The existence of points, where the second (resp. the third) coordinate vanishes can similarly be decided by studying the signs of $x_2+y_1$ and $x_2+y_3$ (resp. $x_3+y_1$ and $x_3+y_3$).
Finding the points: It is easy to find one point with a vanishing coordinate (if the existence check reveals that it exists). For example, if $x_1+y_1<0<x_1+y_3$ we find one such point on the line segment connecting e.g. the vertices $(x_1+y_1,x_2+y_2,x_3+y_3)$ and $(x_1+y_3,x_2+y_2,x_3+y_1)$. Similarly for the other coordinates.
BUT, the set of points with a single coordinate vanishing forms a plane. It is possible that such a plane just grazes the hexagon at one of the vertices. More typically the plane and hexagon intersect along a line segment. In that case the end points of that line segment are on those edges of the hexagon whose end points have a change of sign in the coordinate of interest. Identifying those edges would be easy, if we were given the vertices of the hexagon in, say, counterclockwise order. An algorithm for doing that is probably well known in computer graphics. If you can't find anything I can try and cook up something. Essentially the remaining task is equivalent to 3D-clipping the hexagon (hopefully a useful buzzword).
Label the points in the given order as $p_1,...,p_6$. Then the convex hull consists of the expressions $ap_1+bp_2+cp_3+dp_4+ep_5+fp_6$ where $a+b+c+d+e+f=1$ and each of $a,...,f$ is nonnegative. Suppose we set the first of the three coordinates to $0$. Since the sum of $a,...,f$ is $1$ this gives the equation $$x_1 + (a+d)y_1+(b+e)y_2+(c+f)y_3=0.\tag{1}$$ I'll just look at the case $x_1>0$ since otherwise it should be similar. EDIT: It turns out I never use $x_1>0$ so this restriction may be dropped.
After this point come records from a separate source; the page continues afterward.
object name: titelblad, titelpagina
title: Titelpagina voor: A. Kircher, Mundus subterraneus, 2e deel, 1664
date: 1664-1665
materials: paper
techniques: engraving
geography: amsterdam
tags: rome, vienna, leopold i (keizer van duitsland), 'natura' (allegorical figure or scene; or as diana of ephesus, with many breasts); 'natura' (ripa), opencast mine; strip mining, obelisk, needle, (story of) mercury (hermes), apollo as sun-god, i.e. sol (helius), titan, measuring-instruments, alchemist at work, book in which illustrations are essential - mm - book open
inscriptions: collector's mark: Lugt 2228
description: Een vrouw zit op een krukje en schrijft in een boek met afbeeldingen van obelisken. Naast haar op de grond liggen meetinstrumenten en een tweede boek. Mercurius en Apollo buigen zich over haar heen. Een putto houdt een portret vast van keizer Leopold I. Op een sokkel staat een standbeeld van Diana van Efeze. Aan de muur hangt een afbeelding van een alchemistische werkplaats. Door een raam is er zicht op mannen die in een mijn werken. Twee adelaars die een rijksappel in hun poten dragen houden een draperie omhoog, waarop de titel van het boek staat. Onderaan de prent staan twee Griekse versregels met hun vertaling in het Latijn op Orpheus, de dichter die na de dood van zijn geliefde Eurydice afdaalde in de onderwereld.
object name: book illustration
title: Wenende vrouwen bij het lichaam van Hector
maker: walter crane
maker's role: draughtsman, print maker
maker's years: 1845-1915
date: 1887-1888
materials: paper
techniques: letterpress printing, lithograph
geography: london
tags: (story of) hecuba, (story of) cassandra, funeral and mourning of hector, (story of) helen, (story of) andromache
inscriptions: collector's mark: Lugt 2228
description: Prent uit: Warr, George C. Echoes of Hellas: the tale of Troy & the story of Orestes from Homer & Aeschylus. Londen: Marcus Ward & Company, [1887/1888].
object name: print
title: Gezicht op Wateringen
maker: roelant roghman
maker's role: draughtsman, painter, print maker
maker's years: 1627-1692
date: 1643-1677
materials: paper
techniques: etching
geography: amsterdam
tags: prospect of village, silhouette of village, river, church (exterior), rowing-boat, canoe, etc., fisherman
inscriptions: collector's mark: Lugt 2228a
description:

Now note that except for the $x_1$ on the left of (1), the rest is just the convex hull (on the real line) of the three points $y_1,y_2,y_3$. Assuming without loss that $y_1\le y_2 \le y_3$, this hull is the closed interval $[y_1,y_3].$ Hence equation (1) has a solution iff $x_1+y_1 \le 0 \le x_1+y_3.$ Assuming this holds, we only need "use" the points $y_1,y_3$ to solve it, that is, we may set $b=e=0$ and continue to solve.
Then if $s=a+d,t=c+f$ we want to solve $y_1s+y_3t=-x$ where $s+t=1$ and $s,t\ge 0.$ Doing this gives $$s=\frac{x_1+y_3}{y_3-y_1}$$ and $t=1-s.$ Note that the numerator here is nonnegative because of our (necessary) assumption $x_1+y_1 \le 0 \le x_1+y_3,$ while the denominator is positive unless some of the $y_k$ coincide, a separate case that may have to be done. [EDIT: The only way $y_3-y_1=0$ is when all the $y_k$ are equal, say to $k$, in which case equation (1) becomes simply $x_1+k=0$, where the common values of the $y_k$ make that part of the sum equal to $k$. In this case no matter what choices are made for the coefficients $a,...,f$ there will be $x=0$ in the hull iff $x_1+k=0$, and if so all points of the hull have $x=0$] Also note that the numerator of $t=1-s$ is $-(x_1+y_1)$, again nonnegative because of the above necessary assumption. For specific values for $a,d,c,f$ we may choose any so that their sums are $s$ and $t$, e.g. $a=s,c=t,d=f=0.$